**ABOUT THIS TASK**
Copy the records below exactly, but leave out any picture they contain.

INFORMATION START

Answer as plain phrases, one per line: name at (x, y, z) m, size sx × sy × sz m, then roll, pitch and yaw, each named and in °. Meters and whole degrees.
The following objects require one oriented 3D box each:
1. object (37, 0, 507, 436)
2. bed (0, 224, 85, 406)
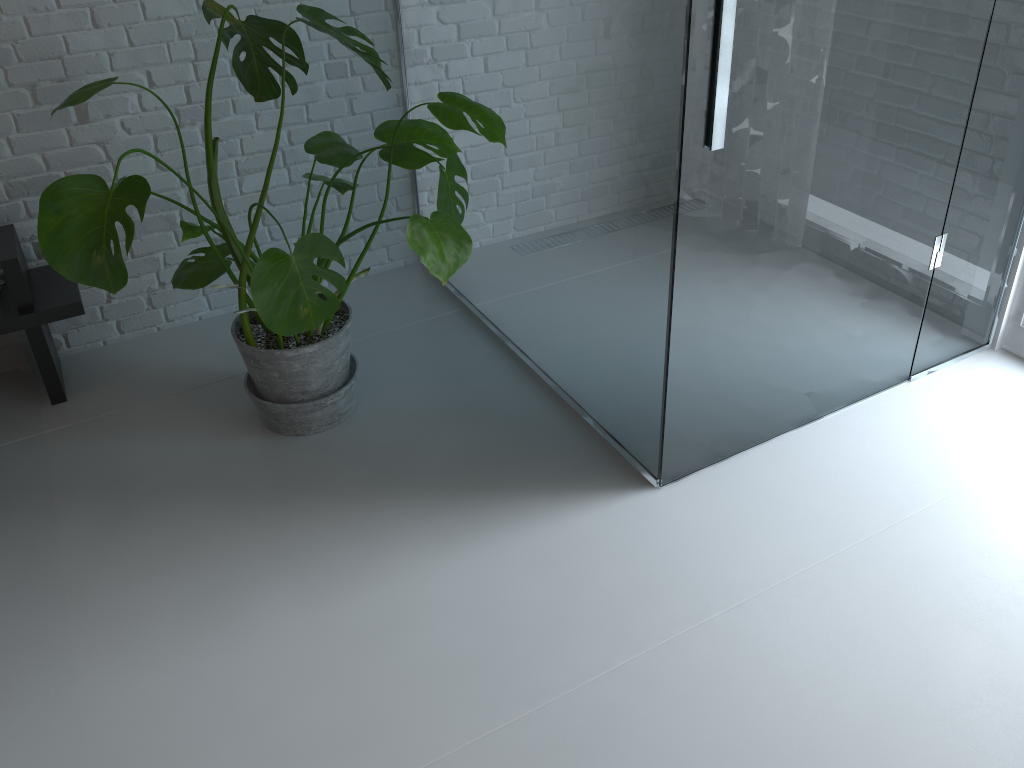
object at (-0.495, -0.344, 2.109) m, size 0.990 × 1.009 × 0.884 m, roll -7°, pitch 32°, yaw -8°
bed at (-1.803, 0.068, 0.693) m, size 2.580 × 1.967 × 2.687 m, roll -18°, pitch 36°, yaw -23°

INFORMATION END

**REPLY TO THE TASK**
Answer as plain phrases, one per line: name at (x, y, z) m, size sx × sy × sz m, then roll, pitch and yaw, each named and in °. Meters and whole degrees.
The following objects require one oriented 3D box each:
1. object (37, 0, 507, 436)
2. bed (0, 224, 85, 406)
object at (-0.495, -0.344, 2.109) m, size 0.990 × 1.009 × 0.884 m, roll -7°, pitch 32°, yaw -8°
bed at (-1.803, 0.068, 0.693) m, size 2.580 × 1.967 × 2.687 m, roll -18°, pitch 36°, yaw -23°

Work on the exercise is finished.